# Judo America



## Stickboxer (May 3, 2002)

Anyone familiar with this group? They have a school in Iowa, one of California, and one in New York. I'm debating about starting with one then, in a year, moving and sticking with it (if I like it) in another state. Should I?


----------



## jeffbeish (May 24, 2002)

Not sure if the Judo America you ask about is the same, but back in the 1970's Rick Mertens, George Emert, others and me started up Judo America and it just petered out after a year -- or so I thought. Maybe it sprang back to life. Where do you find information about this organization? I could be the one we started or a new one. 
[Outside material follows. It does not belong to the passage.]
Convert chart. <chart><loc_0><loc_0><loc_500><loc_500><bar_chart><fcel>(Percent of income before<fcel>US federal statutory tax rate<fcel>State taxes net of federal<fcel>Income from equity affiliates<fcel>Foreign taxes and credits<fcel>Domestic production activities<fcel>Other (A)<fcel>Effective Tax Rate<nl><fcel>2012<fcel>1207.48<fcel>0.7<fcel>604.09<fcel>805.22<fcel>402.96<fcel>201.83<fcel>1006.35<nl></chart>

Back then a lot of "Judo politics" was going around and Rick and others, including me, were there in the first days of the AFJA, then USJA later on. The politics grew and we just stopped participating in it.


----------



## Stickboxer (May 24, 2002)

Nope, different group. Here's their link:

http://www.judoamerica.com/


----------



## jeffbeish (May 25, 2002)

Hum.  Now I know where I went wrong: it was "Judo for America."  Brian matter getting old as is most obvious to the most causal of observers  

Hey, I am retired and can drive slow in the left lane


----------



## Judo_Kid (May 31, 2002)

Its up to you..
Well i really like My school at my Judo school. its fun, but i  get tired of lifting them.


----------